Edit Distance medium

Problem Statement

Given two strings word1 and word2, return the minimum number of operations required to convert word1 to word2.

You have the following three operations permitted on a word:

  • Insert a character
  • Delete a character
  • Replace a character

Example 1:

Input: word1 = "horse", word2 = "ros"
Output: 3
Explanation: 
horse -> rorse (replace 'h' with 'r')
rorse -> rose (remove 'r')
rose -> ros (remove 'e')

Example 2:

Input: word1 = "intention", word2 = "execution"
Output: 5
Explanation:
intention -> inention (remove 't')
inention -> enention (replace 'i' with 'e')
enention -> exention (replace 'n' with 'x')
exention -> exection (replace 'n' with 'c')
exection -> execution (insert 'u')

Steps and Explanation

This problem can be solved efficiently using dynamic programming. We create a DP table dp where dp[i][j] represents the minimum edit distance between the first i characters of word1 and the first j characters of word2.

  1. Initialization:

    • dp[i][0] = i for all i, because to convert a string of length i to an empty string, we need i deletions.
    • dp[0][j] = j for all j, because to convert an empty string to a string of length j, we need j insertions.
    • dp[0][0] = 0, because the edit distance between two empty strings is 0.

  2. Iteration:

    • We iterate through the DP table, calculating dp[i][j] for each cell.
    • There are three possibilities to consider:
      • Replace: If word1[i-1] == word2[j-1], no operation is needed, so dp[i][j] = dp[i-1][j-1].
      • Replace: If word1[i-1] != word2[j-1], we need a replacement, so dp[i][j] = dp[i-1][j-1] + 1.
      • Insert: We can insert word2[j-1] into word1, so dp[i][j] = dp[i][j-1] + 1.
      • Delete: We can delete word1[i-1] from word1, so dp[i][j] = dp[i-1][j] + 1.
    • We take the minimum of these three possibilities to find the minimum edit distance.

  3. Result:

    • dp[m][n] (where m and n are the lengths of word1 and word2 respectively) will contain the minimum edit distance between word1 and word2.

Code

def minDistance(word1, word2):
    m, n = len(word1), len(word2)
    dp = [[0] * (n + 1) for _ in range(m + 1)]

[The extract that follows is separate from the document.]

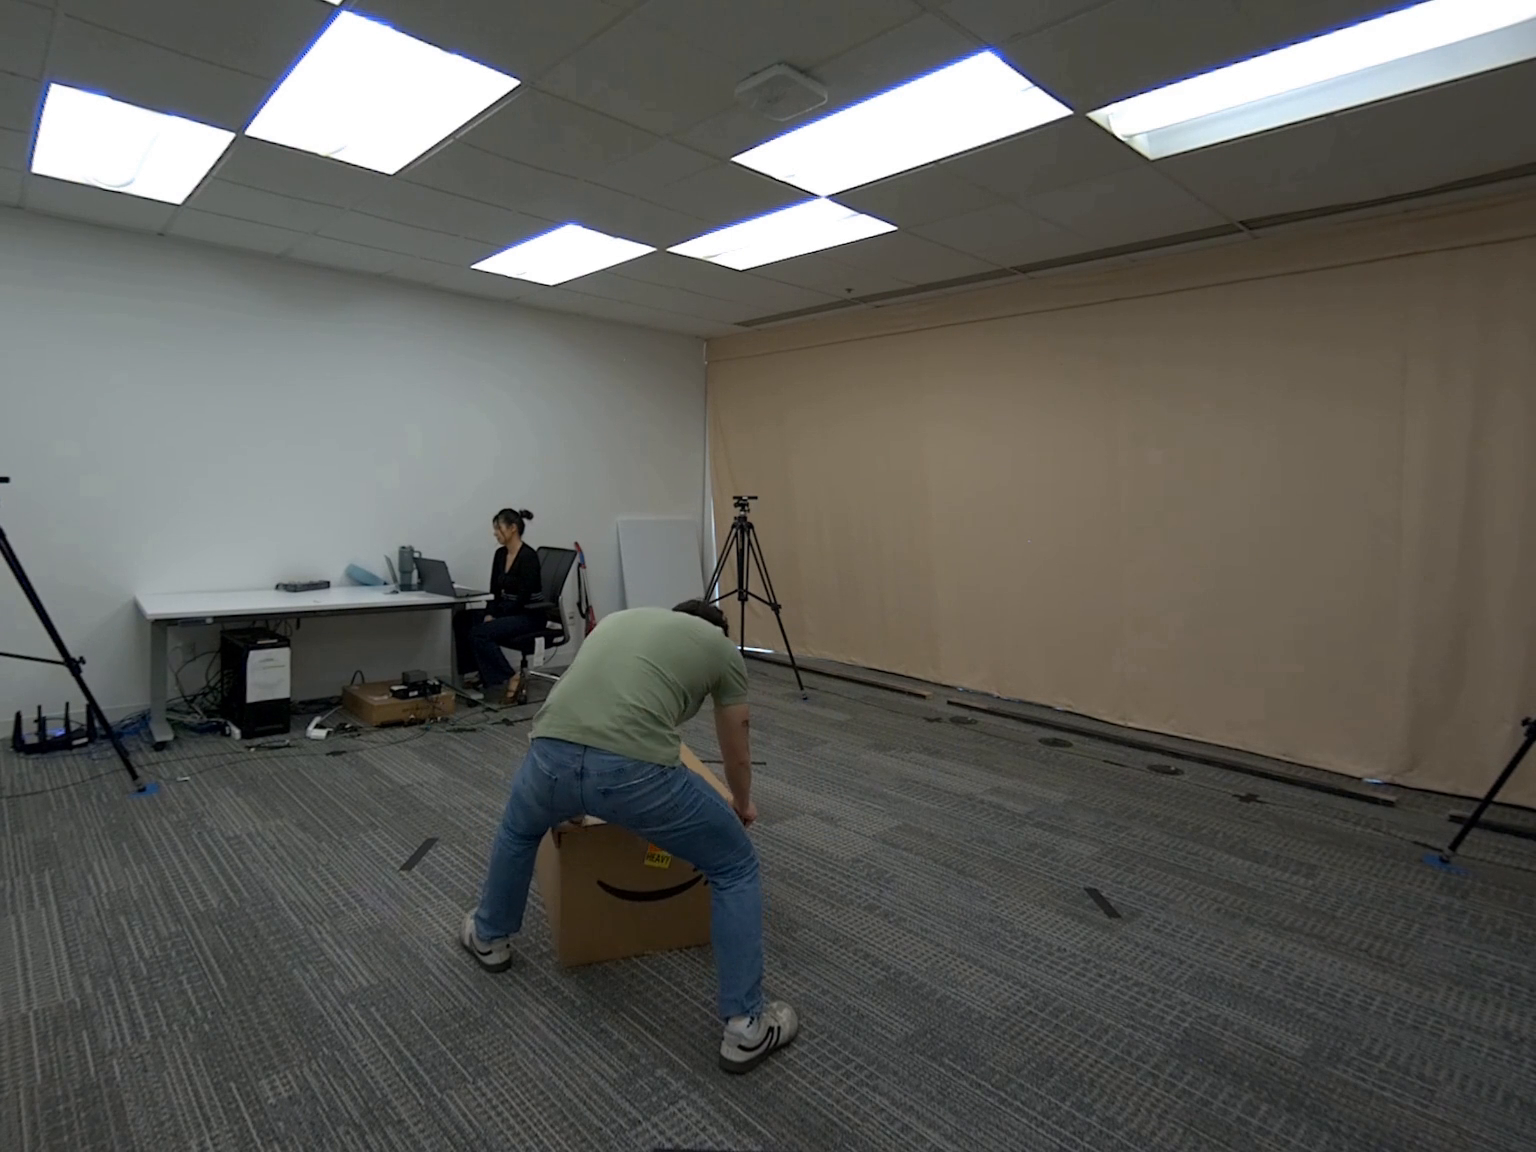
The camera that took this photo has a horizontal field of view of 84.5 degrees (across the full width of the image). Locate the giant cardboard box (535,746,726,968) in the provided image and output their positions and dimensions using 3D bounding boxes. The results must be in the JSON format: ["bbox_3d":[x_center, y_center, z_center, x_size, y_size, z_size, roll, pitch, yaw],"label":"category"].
[{"bbox_3d":[-0.533,0.888,3.034,0.569,0.424,1.045,-1,6,-21],"label":"giant cardboard box"}]

    for i in range(m + 1):
        dp[i][0] = i
    for j in range(n + 1):
        dp[0][j] = j

    for i in range(1, m + 1):
        for j in range(1, n + 1):
            if word1[i - 1] == word2[j - 1]:
                dp[i][j] = dp[i - 1][j - 1]
            else:
                dp[i][j] = min(dp[i - 1][j - 1], dp[i - 1][j], dp[i][j - 1]) + 1

    return dp[m][n]

Complexity

  • Time Complexity: O(m*n), where m and n are the lengths of word1 and word2 respectively. This is due to the nested loops iterating through the DP table.
  • Space Complexity: O(m*n), due to the DP table used to store intermediate results. This could be optimized to O(min(m,n)) using space optimization techniques but this adds complexity to the code.